El primer paso, como padres, es mirarnos a nosotros mismos antes de juzgar a nuestros hijos y preguntarnos sinceramente cómo nos encontramos –¿estoy nervioso, triste, intranquilo, irascible, susceptible?, ¿es esta una situación puntual o se prolonga en el tiempo?…–. Las preguntas variarán en función de nuestras circunstancias concretas.
El segundo paso es analizar si nuestro estado de ánimo o nuestra conducta pueden estar interfiriendo en el desarrollo de nuestro hijo. Y debemos hacerlo con objetividad –al menos con la objetividad que nos podamos permitir en una situación que implica vínculos afectivos– y despojándonos de todo sentimiento de culpa. Todas los profesionales que nos dedicamos a esto sabemos que si los papás no lo hacemos bien o del todo bien, no es porque no queramos, sino porque no sabemos cómo hacerlo o no somos capaces de identificar el problema.
El tercer paso es no dudar en pedir ayuda. Acudir a un profesional no solo nos ayudará a identificar causas, a modificar dinámicas y a reconducir situaciones; será además, un buen ejemplo para nuestros hijos: saber pedir ayuda es un aprendizaje importante que el niño debe interiorizar.

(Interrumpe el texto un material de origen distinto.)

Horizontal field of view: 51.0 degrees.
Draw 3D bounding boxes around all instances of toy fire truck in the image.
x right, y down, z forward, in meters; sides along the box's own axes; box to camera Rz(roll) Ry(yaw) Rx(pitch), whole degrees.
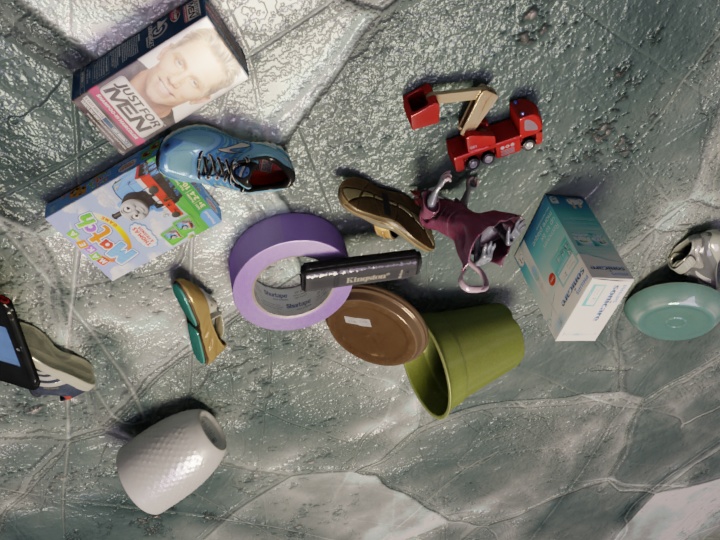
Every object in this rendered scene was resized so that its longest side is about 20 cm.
[{"bbox_3d":[0.168,-0.220,1.098,0.196,0.049,0.142,-18,137,1],"label":"toy fire truck"}]

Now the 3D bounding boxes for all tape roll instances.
[{"bbox_3d":[-0.112,0.006,1.220,0.195,0.066,0.203,-9,136,-9],"label":"tape roll"}]

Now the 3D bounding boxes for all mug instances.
[{"bbox_3d":[-0.341,0.353,1.453,0.174,0.149,0.200,-34,165,7],"label":"mug"}]

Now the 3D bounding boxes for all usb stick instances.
[{"bbox_3d":[0.000,0.000,1.182,0.195,0.033,0.056,-7,137,-13],"label":"usb stick"}]

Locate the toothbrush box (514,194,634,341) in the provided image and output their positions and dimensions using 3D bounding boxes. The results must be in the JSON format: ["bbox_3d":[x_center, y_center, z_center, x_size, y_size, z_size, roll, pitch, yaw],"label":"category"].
[{"bbox_3d":[0.352,-0.005,1.266,0.083,0.203,0.148,1,135,-19],"label":"toothbrush box"}]

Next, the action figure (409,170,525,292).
[{"bbox_3d":[0.149,-0.070,1.149,0.132,0.198,0.152,3,108,-46],"label":"action figure"}]

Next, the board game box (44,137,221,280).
[{"bbox_3d":[-0.322,-0.082,1.083,0.197,0.037,0.152,-26,136,9],"label":"board game box"}]

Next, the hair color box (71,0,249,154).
[{"bbox_3d":[-0.247,-0.240,0.933,0.197,0.061,0.100,-28,136,10],"label":"hair color box"}]

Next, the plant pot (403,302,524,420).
[{"bbox_3d":[0.194,0.145,1.396,0.186,0.201,0.203,-17,139,-19],"label":"plant pot"}]

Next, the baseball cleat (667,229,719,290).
[{"bbox_3d":[0.654,0.001,1.482,0.104,0.071,0.203,-8,130,5],"label":"baseball cleat"}]

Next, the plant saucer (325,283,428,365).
[{"bbox_3d":[0.023,0.101,1.316,0.196,0.030,0.203,16,140,14],"label":"plant saucer"}]

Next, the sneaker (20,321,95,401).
[{"bbox_3d":[-0.527,0.159,1.228,0.083,0.076,0.201,-31,136,8],"label":"sneaker"}]

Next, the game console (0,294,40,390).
[{"bbox_3d":[-0.573,0.091,1.119,0.173,0.031,0.203,18,136,11],"label":"game console"}]

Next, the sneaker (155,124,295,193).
[{"bbox_3d":[-0.175,-0.146,1.015,0.196,0.090,0.080,0,111,-26],"label":"sneaker"}]

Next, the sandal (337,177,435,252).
[{"bbox_3d":[0.037,-0.083,1.179,0.197,0.082,0.054,22,141,-32],"label":"sandal"}]

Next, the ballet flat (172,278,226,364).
[{"bbox_3d":[-0.263,0.074,1.254,0.062,0.068,0.202,-33,145,-25],"label":"ballet flat"}]

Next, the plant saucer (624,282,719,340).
[{"bbox_3d":[0.634,0.092,1.519,0.195,0.037,0.202,7,148,4],"label":"plant saucer"}]
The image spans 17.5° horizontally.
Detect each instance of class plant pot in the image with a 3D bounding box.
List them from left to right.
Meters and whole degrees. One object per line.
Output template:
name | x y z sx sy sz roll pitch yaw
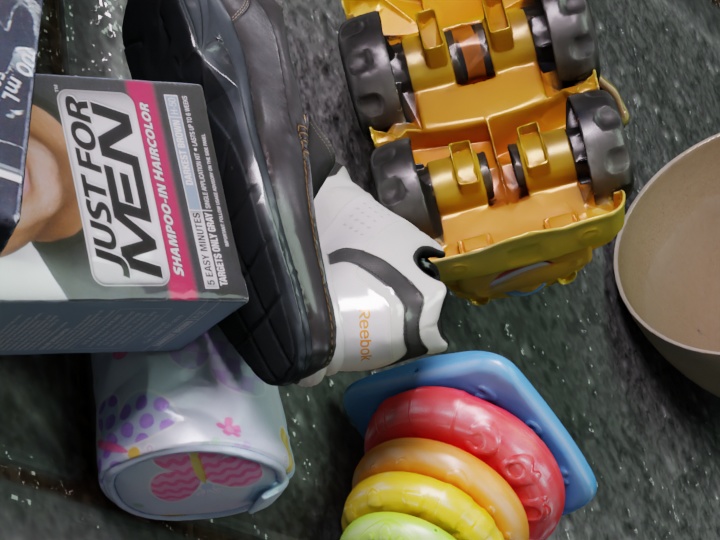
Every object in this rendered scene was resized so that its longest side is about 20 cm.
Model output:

Necesitamos padres y madres informados y bien entrenados; padres y madres empoderados, que se sientan fuertes y dispongan de las estrategias necesarias
Esto nos devuelve al punto en el que iniciábamos este post: tenemos un diagnóstico y vamos a iniciar la terapia. ¿Basta con circunscribirla al propio niño? Rotundamente no. Nunca ponderaremos lo suficiente la importancia de la familia. Necesitamos su intervención en el proceso terapéutico. Necesitamos padres y madres informados y bien entrenados; padres y madres empoderados, que se sientan fuertes y que dispongan de las estrategias y herramientas necesarias para poder ayudar a sus hijos en esos muchos momentos del día a día en los que el psicólogo o el logopeda no está presente o no tiene acceso. Y como todo en la vida, cuando más personalizado sea ese entrenamiento, mayor será su eficacia. Las circunstancias de cada familia son diferentes y la intervención debe adaptarse a esas circunstancias. Psicólogos y logopedas podemos ser de gran ayuda pero, pero sin la intervención de padres y madres, la terapia pierde uno de sus más valiosos recursos.